While making the pages look attractive is a prime function, what's equally important is how we handle the data that we need for our application and at the same time make using the interface as responsive as possible. One of the best ways to put people off browsing your Web site is to build it in such a way that each page takes an age to load in their browser. Our public application needs to load quickly, and—more important—respond quickly to user actions. While they will probably be prepared to give the first page a chance to load, they won’t accept long delays each time they open another page.
The Intranet vs The Web
On top of this, we need to think about the effects on our server. When implementing applications at the showroom, we have a server for each showroom and only the sales staff and managers in the showroom will access it. This will also probably be over a high-bandwidth local network or Intranet, so it's easy to achieve good connection performance and provide a powerful enough server to handle the known number of users.
As for the head office, we've implemented the communication between our application and the database located there using message queuing.
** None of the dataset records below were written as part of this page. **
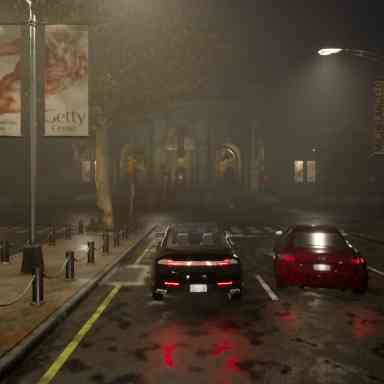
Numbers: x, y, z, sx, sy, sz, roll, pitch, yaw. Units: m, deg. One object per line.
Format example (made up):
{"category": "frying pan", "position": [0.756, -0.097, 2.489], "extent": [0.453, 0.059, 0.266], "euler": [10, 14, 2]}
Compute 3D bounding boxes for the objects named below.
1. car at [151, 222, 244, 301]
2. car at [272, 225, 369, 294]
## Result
{"category": "car", "position": [0.078, 1.492, 8.322], "extent": [2.128, 1.511, 4.902], "euler": [0, 0, -1]}
{"category": "car", "position": [3.250, 1.564, 8.974], "extent": [1.994, 1.385, 4.181], "euler": [0, 0, 14]}
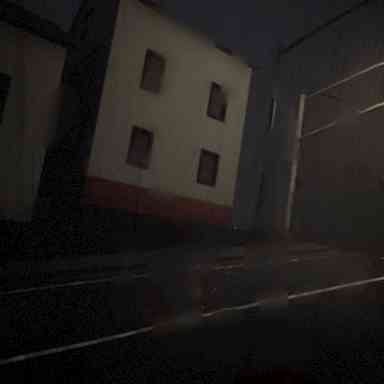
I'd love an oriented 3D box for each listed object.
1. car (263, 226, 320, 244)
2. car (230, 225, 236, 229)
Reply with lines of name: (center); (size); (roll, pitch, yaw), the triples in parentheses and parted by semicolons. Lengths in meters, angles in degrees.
car: (8.628, 3.810, 29.646); (2.033, 1.411, 5.357); (13, -8, -34)
car: (2.976, 3.784, 37.672); (1.837, 1.490, 4.892); (13, -8, -35)
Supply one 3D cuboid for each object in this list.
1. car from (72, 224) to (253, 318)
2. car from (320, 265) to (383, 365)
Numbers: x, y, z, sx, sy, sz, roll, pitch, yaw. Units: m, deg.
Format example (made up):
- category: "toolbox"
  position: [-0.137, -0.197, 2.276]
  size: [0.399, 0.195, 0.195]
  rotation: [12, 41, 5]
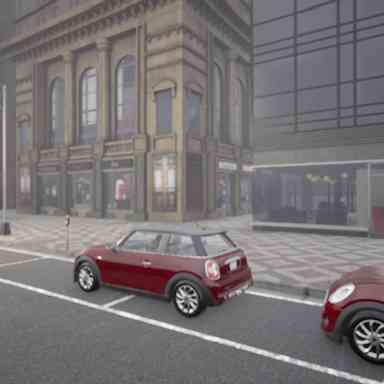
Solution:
- category: "car"
  position: [-0.819, 1.446, 7.481]
  size: [4.097, 1.590, 1.967]
  rotation: [0, 0, 33]
- category: "car"
  position: [3.889, 1.441, 4.378]
  size: [4.097, 1.590, 1.967]
  rotation: [0, 0, 33]
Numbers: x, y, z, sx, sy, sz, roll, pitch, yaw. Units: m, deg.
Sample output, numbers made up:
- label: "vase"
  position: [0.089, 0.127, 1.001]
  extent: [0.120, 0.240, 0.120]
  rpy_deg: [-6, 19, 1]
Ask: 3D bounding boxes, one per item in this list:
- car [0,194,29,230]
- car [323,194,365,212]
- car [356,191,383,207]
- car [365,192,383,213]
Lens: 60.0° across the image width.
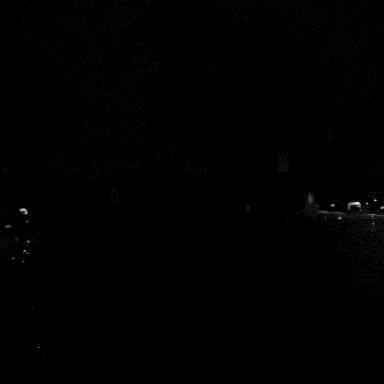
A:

Even if the head office server is under intense loading all day from its local users, it will catch up during slack periods or overnight. Again, here, scalability is not likely to be a major problem.
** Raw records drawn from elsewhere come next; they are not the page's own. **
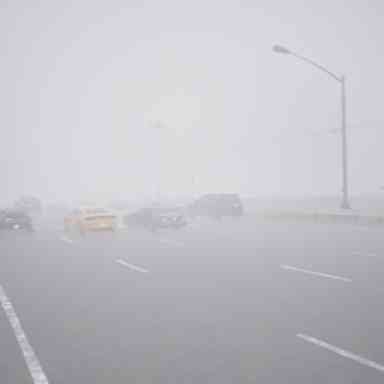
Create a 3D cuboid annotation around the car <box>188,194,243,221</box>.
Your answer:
[{"bbox_3d":[1.669,1.166,26.625,2.150,2.045,5.566,-1,0,-35],"label":"car"}]

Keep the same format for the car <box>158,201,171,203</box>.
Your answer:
[{"bbox_3d":[-2.578,1.502,26.595,1.882,1.535,5.008,-1,0,-35],"label":"car"}]

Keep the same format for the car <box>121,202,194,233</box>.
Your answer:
[{"bbox_3d":[-2.398,1.573,20.237,2.033,1.411,5.357,-1,0,-35],"label":"car"}]

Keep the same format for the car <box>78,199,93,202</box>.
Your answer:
[{"bbox_3d":[-13.727,1.701,42.520,1.882,1.535,5.008,-1,0,-35],"label":"car"}]

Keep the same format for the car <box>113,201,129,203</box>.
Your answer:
[{"bbox_3d":[-9.072,1.737,41.973,1.895,1.301,4.718,-1,0,-35],"label":"car"}]

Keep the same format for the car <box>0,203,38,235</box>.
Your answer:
[{"bbox_3d":[-11.132,1.695,20.511,1.837,1.490,4.892,-1,0,-35],"label":"car"}]

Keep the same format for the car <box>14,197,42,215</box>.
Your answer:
[{"bbox_3d":[-18.151,1.534,36.628,2.150,2.045,5.566,-1,0,-35],"label":"car"}]

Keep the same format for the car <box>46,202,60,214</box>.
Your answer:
[{"bbox_3d":[-16.010,1.833,39.677,1.994,1.385,4.181,-1,0,-35],"label":"car"}]

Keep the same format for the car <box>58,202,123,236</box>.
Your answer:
[{"bbox_3d":[-6.045,1.572,19.345,1.882,1.535,5.008,-1,0,-35],"label":"car"}]
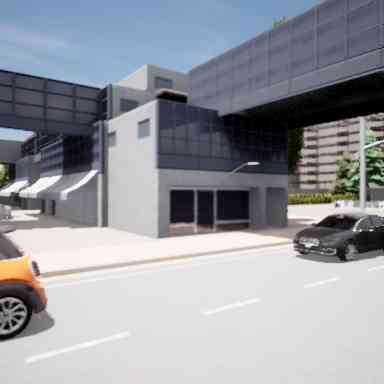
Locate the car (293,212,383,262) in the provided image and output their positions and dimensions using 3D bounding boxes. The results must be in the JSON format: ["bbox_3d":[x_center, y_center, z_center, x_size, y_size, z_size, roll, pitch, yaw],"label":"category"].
[{"bbox_3d":[5.816,1.548,12.362,4.892,1.490,1.837,1,0,-35],"label":"car"}]

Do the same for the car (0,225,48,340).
[{"bbox_3d":[-4.698,1.348,4.932,4.553,1.767,2.097,0,0,-35],"label":"car"}]

When we go public on the Web, however, the situation is very different. We can't predict the number of users or the traffic patterns. At the same time, we probably can’t afford to install gigabit-bandwidth lines and multiple servers just in case it gets busy at some times of the day. Instead we need to consider how we can build the application interface so as to apply the minimal load to our server and our Internet connection.
Browsing vs Ordering
In the examples you've seen earlier in this book we used a variety of techniques to get data from the server to the client and back again. Unlike the showroom applications, where the prime purpose is to submit data, our public Web application will spend most of its time reading information from our server as users browse the car models, view details of each one, and examine the finance packages that are available. Only on limited occasions will an order be submitted to our server—although of course we'd like this to happen as often as possible!
So our design needs to take this factor into account. We need to think about how we can most effectively use the components we've got to provide information about our products to the user, and then process any orders that they place:
The diagram shows where the largest loading on our server comes from, and it is this that we need to plan for.
Server Load While Placing An Order
When it comes to placing the order, we can't do much to reduce the number of connections. We need to store the details of every order or we'll create a lot of unhappy customers. However placing an order involves multiple table and multiple database updates, and here we are dependent on the latency of the data sources and the connections to them.
We can aim to reduce the duration of each connection by using the techniques you've seen already in this book—in particular message queuing, which allows the operation to complete successfully without having to wait for the remote data source to signal a successful update.
Server Load While Browsing The Products
The duration of each individual connection when browsing will tend to be short because the server just has to retrieve the data (a recordset, HTML page or graphic file), send it to the client, and then disconnect. As long as any tasks our server has to run, such as stored procedures or custom components, operate as efficiently as possible we can't do much else to reduce the duration of each connection. What we can do is try to reduce the number of connections.